$R$ is a unique factorization domain $\iff$ every prime minimal over a principal ideal is also principal

Question

I'm trying to show that a ring $R$ is a unique factorization domain $\iff$ every prime minimal over a principal ideal is also principal.

I think the idea is to use the principal ideal theorem of Krull, but I don't know how to connect principal ideal properties with unique factorization domain properties. I know that "principal ideal domain $\implies$ unique factorization domain", which helps me if I prove $R$ is principal from the second statement, but that is as far as I can go right now.

PS: assume $R$ is a commutative ring with unity.

Thanks.

Answer 1

"$\Rightarrow$" If $\mathfrak p$ is minimal over $(a)$, then $\mathfrak p$ contains a prime element $p$ which appears in the decomposition of $a$ into primes. It follows that $\mathfrak p=(p)$.

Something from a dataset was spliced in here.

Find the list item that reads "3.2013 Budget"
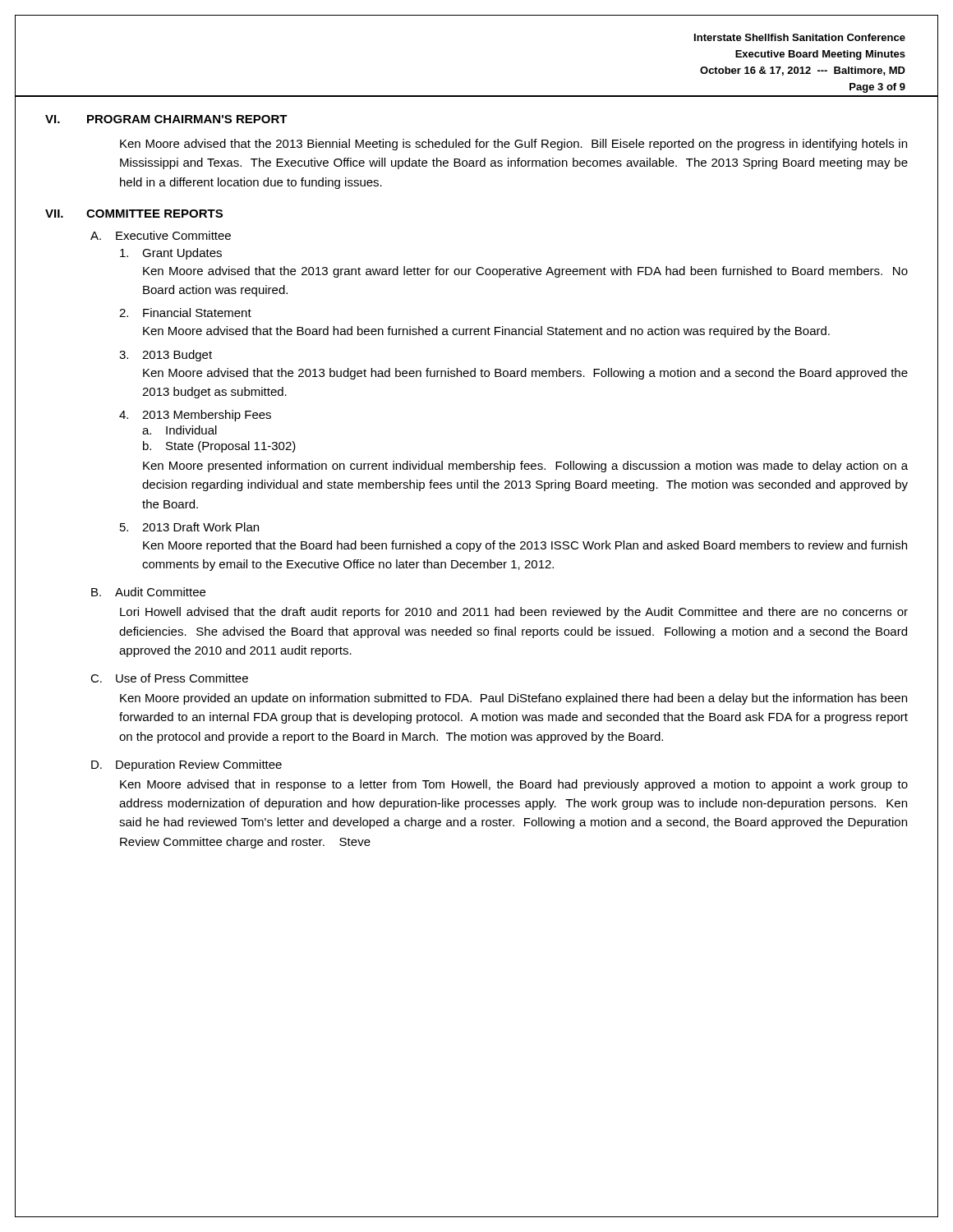[166, 356]

"$\Leftarrow$" (I suppose that $R$ is an integral domain.) Use the Kaplansky's Theorem for UFDs: a domain is a UFD iff every nonzero prime ideal contains a nonzero prime. Let $\mathfrak q$ be a non-zero prime ideal, and $a\in\mathfrak q$, $a\ne 0$. Then there is $\mathfrak p$ a prime ideal contained in $\mathfrak q$ which is minimal over $(a)$. Since $\mathfrak p$ is principal, then it is generated by a prime element, so $\mathfrak q$ contains a nonzero prime.